8. OPTIMAL MESH DECOMPOSITION

The computational method described in this paper requires that the given finite element mesh be
partitioned into as many submeshes as there are available processors. In this section, we establish
some guidelines for the design of an optimal mesh partition by. analysing the effect of its structure
on the performance of the global solution algorithm.
From the numerical point of view, the proposed solution method is hybrid in the sense it
combines a direct and an iterative schemes. The direct solver is applied to each subdomain
problem, the iterative one to the interface between these subdomains. If the mesh partition is such
that the bandwidth of each subdomain problem is of the same order as the bandwidth of the
global unpartitioned system of equations, the overall algorithm performs more operations than a
direct method applied to the global unpartitioned system, independently of how fast the interface
problem converges. The slicing of a parallelpiped along its largest dimension yields such a
partition (Figure 6). If, on the other hand, the same parallelepiped is partitioned such that the
bandwidth of each subdomain problem is much smaller than the bandwidth of the original finite
element system (Figure 7), and if the convergence of the interface problem is fast enough, the
method of finite element tearing and interconnecting may produce the solution with fewer
computations than a global direct solver.

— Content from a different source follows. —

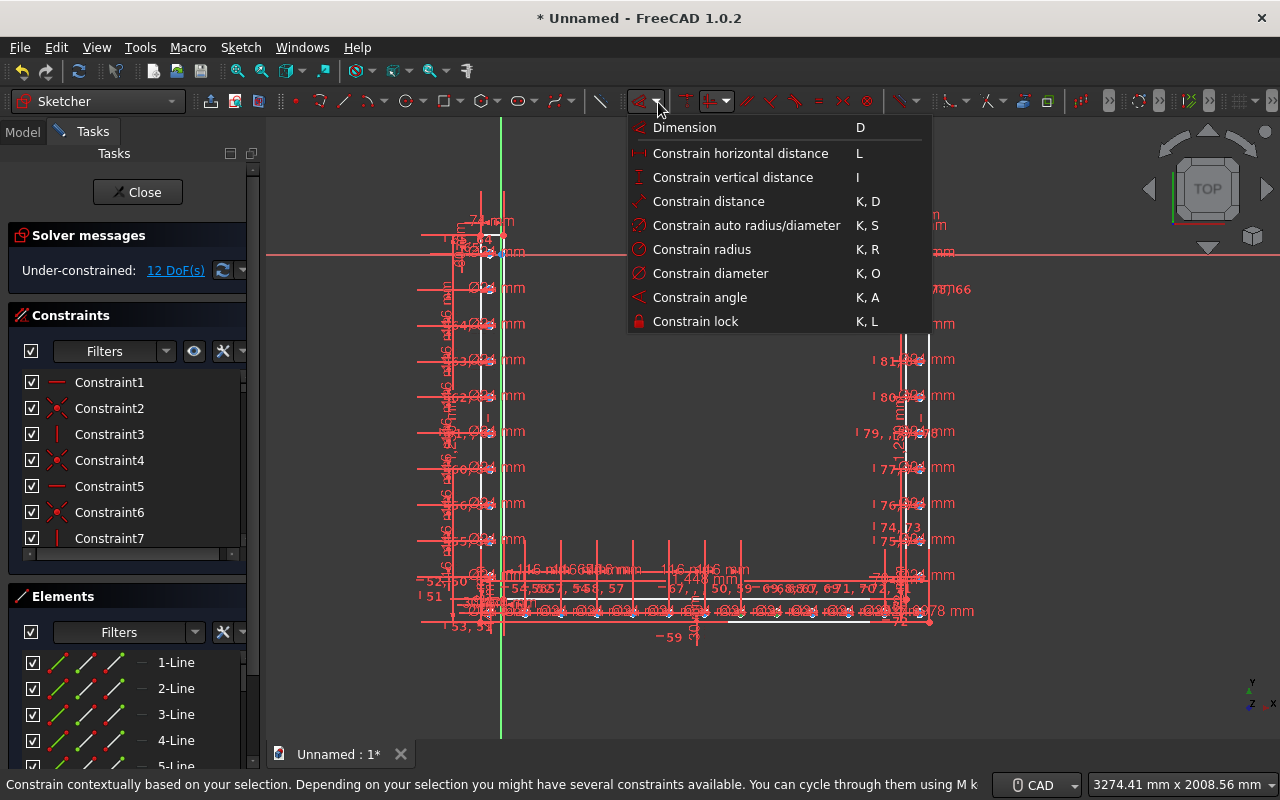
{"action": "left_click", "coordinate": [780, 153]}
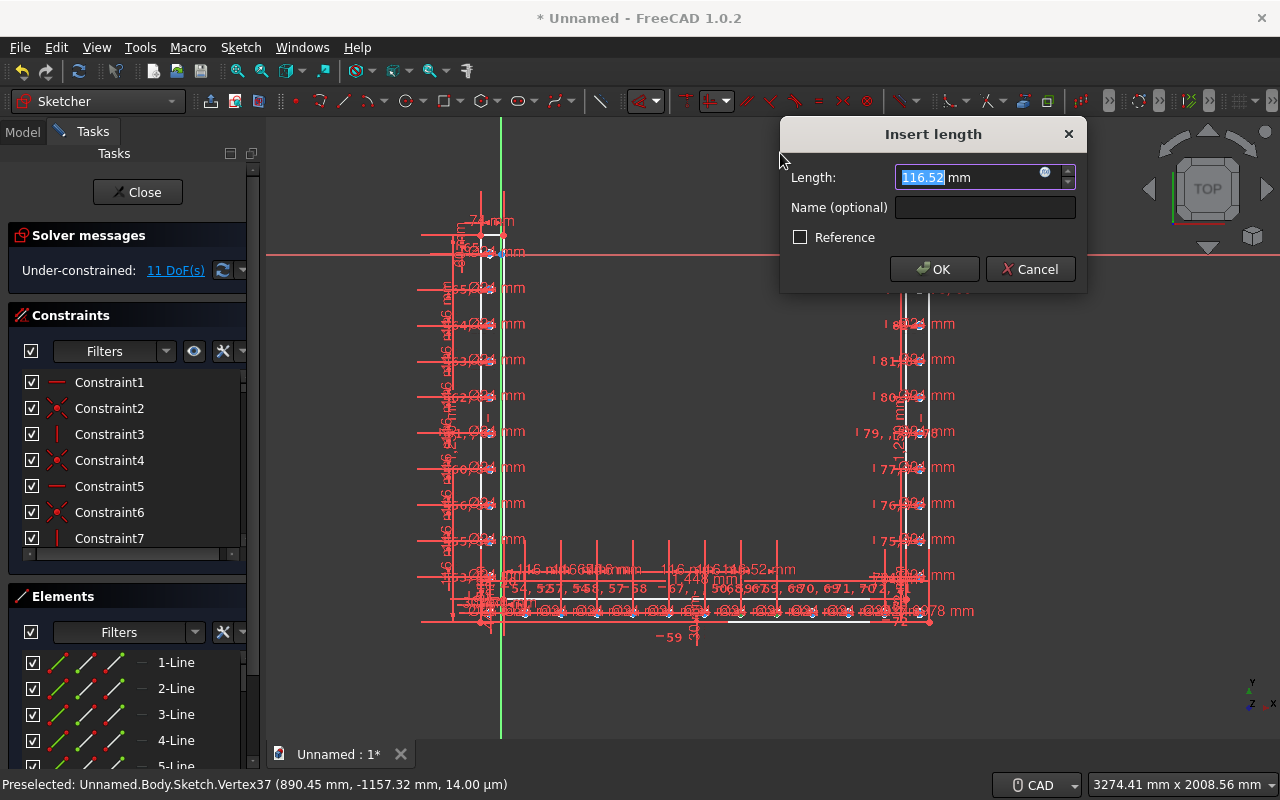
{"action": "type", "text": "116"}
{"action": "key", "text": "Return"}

1218 C. FARHAT A N D F.-X. ROUX
Figure 7. Boxwise partitioning of a parallelepiped
Besides conditioning, there are two other factors which affect the convergence of the interface
problem (14) and which are directly related to the mesh partition: (a) the number of interface
nodes, and (b) the interconnectivity of the subdomains along their interface. It can be easily
checked that, within one iteration of the conjugate projected gradient algorithm, new information
that is issued from a subdomain Q j reaches only those subdomains that interconnect with Q j
along an edge or a plane. Therefore, the interface problem converges faster for a mesh partition
that is characterized by a larger effective interconnectivity bandwidth.

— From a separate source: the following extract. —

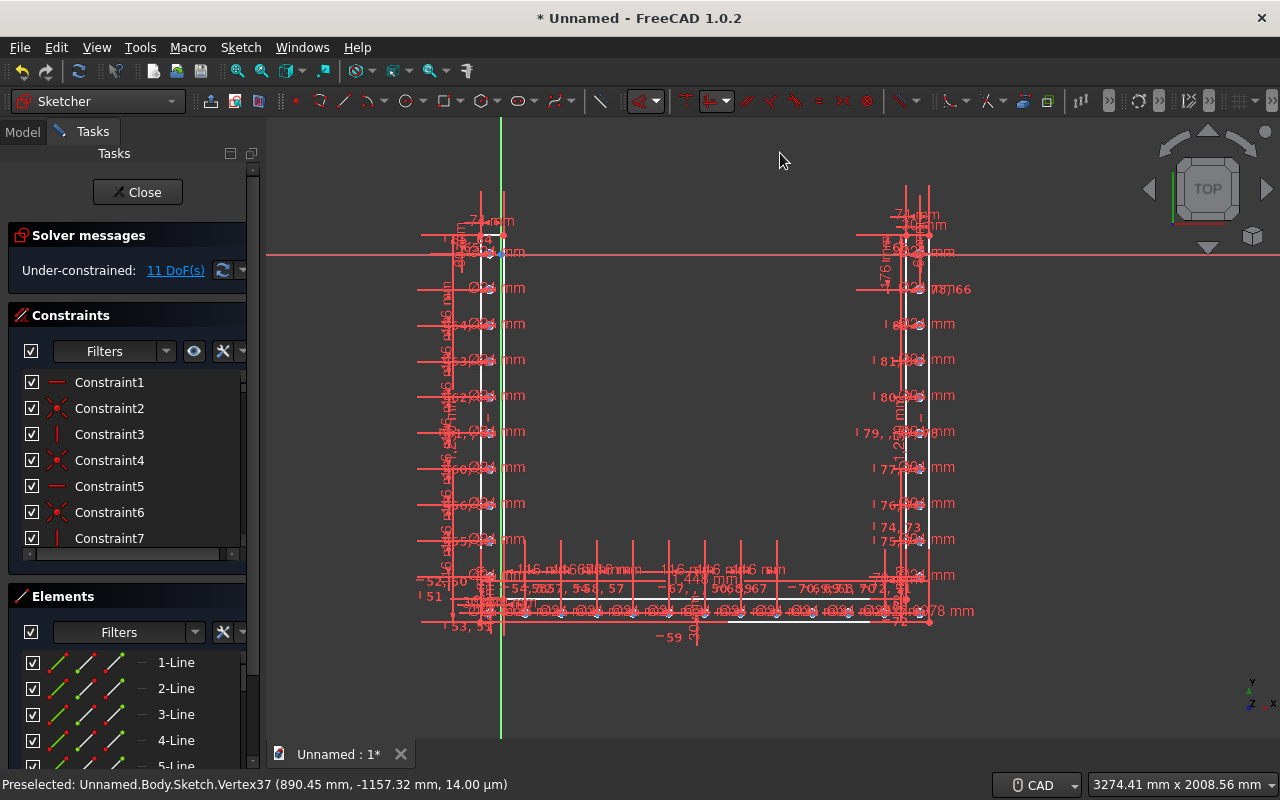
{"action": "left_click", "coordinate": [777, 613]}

The above observations suggest that an automatic finite element mesh decomposer that is
suitable for the computational method described herein should meet or strike a balanced
compromise between the seven following requirements:
(i) it should yield a set of subdomains where the bandwidths of each local problem is only a
fraction of the bandwidth of the global system of equations;
(ii) it should keep the amount of interface nodes as small as possible in order to reduce the size
of the interface problem;
(iii) it should yield a set of subdomains with a relatively high interconnectivity bandwidth so
that within each iteration a new correction reaches as many subdomains as possible;
(iv) it should avoid producing subdomains with ‘bad’ aspect ratio (for example, elongated and
flat subdomains) in order to keep the local problems as well conditioned as possible;
(v) it should deliver as few as possible floating subdomains in order to keep the cost
associated with the projected gradients as low as possible;
(vi) it should yield a set of balanced subdomains in order to ensure that the overall
computational load will be as evenly distributed as possible among the processors;

(vii) it should be able to handle irregular geometry and arbitrary discretization in order to be
general purpose.
For some mesh topologies, it becomes very difficult to meet simultaneously requirements (i), (ii)

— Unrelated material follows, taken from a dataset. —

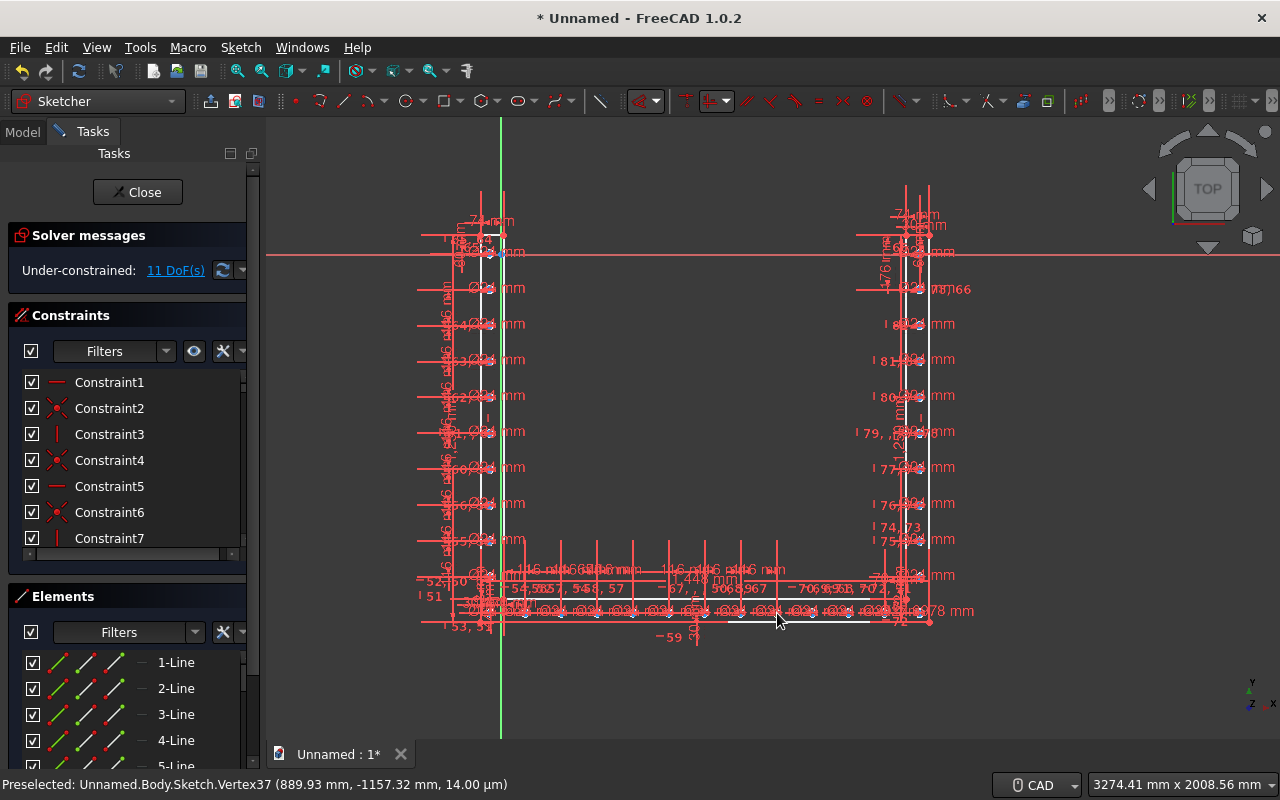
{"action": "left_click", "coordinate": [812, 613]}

and (iv). In that case, priority should be given to the first two requirements. However, we have
found that, for many problems, the above requirements can be met, using for example a slightly
modified version of the general purpose finite element decomposer presented by Farhat in
Reference 17. Several decomposition examples are described in Section 9. The most challenging
problem that is yet to be resolved is the rational relationship between the mesh decomposition
and the interface conditioning.
9. APPLICATIONS AND PERFORMANCE ASSESSMENT

We first illustrate the proposed parallel computational method with the static analysis on a 32
processor iPSC/2 hypercube of a three-dimensional mechanical joint subjected to internal
pressure loading. We report performance results which show that the parallel method of tearing
exhibits a better speed-up than the parallel method of conventional substructuring because it
consumes three times less interprocessor communication. Next, we apply our algorithm to the
large-scale finite element analysis on a 4 processor CRAY-2 of a three-dimensional cantilever
composite beam made of more than one hundred stiff carbon fibres bound by a nearly
incompressible elastomer matrix. We report and discuss in detail the measured performance
results for various mesh partitioning strategies. For that problem, the proposed solution method
outperforms the direct Choleski factorization by a factor greater than three, even for configura-
tions that yield very ill-conditioned systems. In the following, NP, NE, NDF, Tmsg,Tp and SP
denote respectively the number of processors, the number of elements, the number of degrees of
freedom, the time elapsed in message-passing, the total parallel time and the overall parallel
speed-up.
The finite element discretization of the mechanical joint using 8 node brick elements is shown
in Figure 8. Two meshes are considered. The first one contains 5002 elements, 14 932 degrees of
freedom and is intended for a 16 processor cluster of the iPSC/2. The second mesh has 9912
elements, 29 654 degrees of freedom and is constructed for a 32 processor configuration of the
same hypercube. The mesh decompositions into 16 and 32 subdomains are carefully designed to
be topologically equivalent as much as possible to a checkerboard partitioning. Consequently,
many of the resulting subdomains are Boating.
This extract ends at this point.